Re: Data growth vs Cluster Size planning

2019-02-12 Thread Phillip Henry
Too little information to give an answer, if indeed an answer a priori is
possible.

However, I would do the following on your test instances:

- Run jstat -gc on all your nodes. It might be that the GC is taking a lot
of time.

- Poll with jstack semi frequently. I can give you a fairly good idea where
in the code the time is being spent in a non-invasive manner.

Phillip



On Mon, Feb 11, 2019 at 9:48 AM Aakash Basu 
wrote:

> Hi,
>
> I ran a dataset of *200 columns and 0.2M records* in a cluster of *1
> master 18 GB, 2 slaves 32 GB each, **16 cores/slave*, took around *772
> minutes* for a *very large ML tuning based job* (training).
>
> Now, my requirement is to run the *same operation on 3M records*. Any
> idea on how we should proceed? Should we go for a vertical scaling or a
> horizontal one?
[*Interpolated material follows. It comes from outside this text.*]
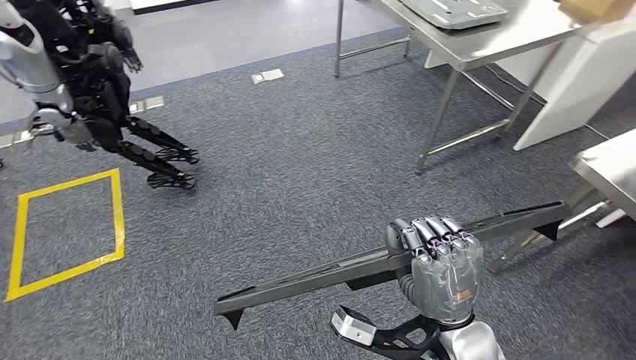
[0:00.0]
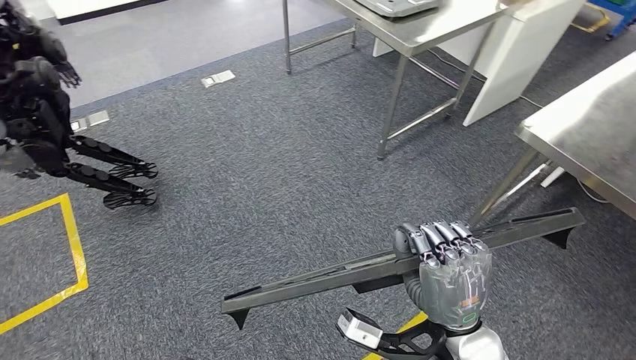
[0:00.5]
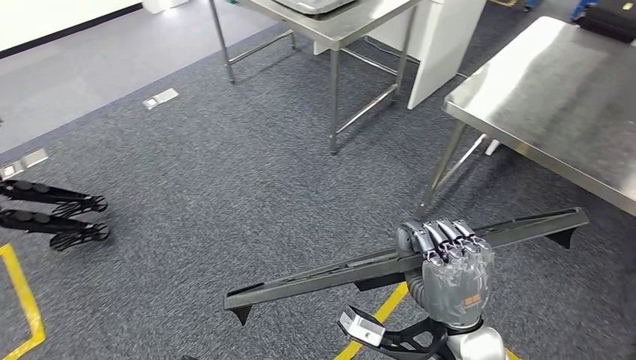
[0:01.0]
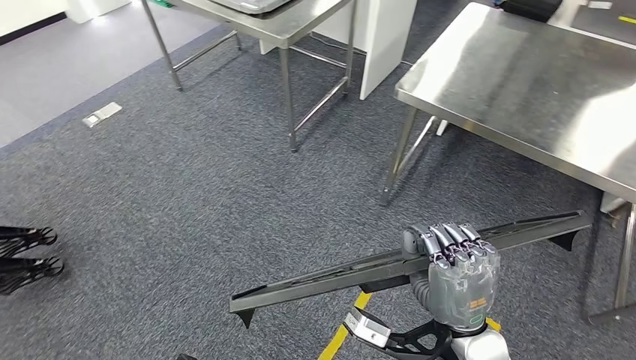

How should this problem be approached in a
> stepwise/systematic manner?
>
> Thanks in advance.
>
> Regards,
> Aakash.
>


Data growth vs Cluster Size planning

2019-02-11 Thread Aakash Basu
Hi,

I ran a dataset of *200 columns and 0.2M records* in a cluster of *1 master
18 GB, 2 slaves 32 GB each, **16 cores/slave*, took around *772 minutes*
for a *very large ML tuning based job* (training).

Now, my requirement is to run the *same operation on 3M records*. Any idea
on how we should proceed? Should we go for a vertical scaling or a
horizontal one? How should this problem be approached in a
stepwise/systematic manner?

Thanks in advance.

Regards,
Aakash.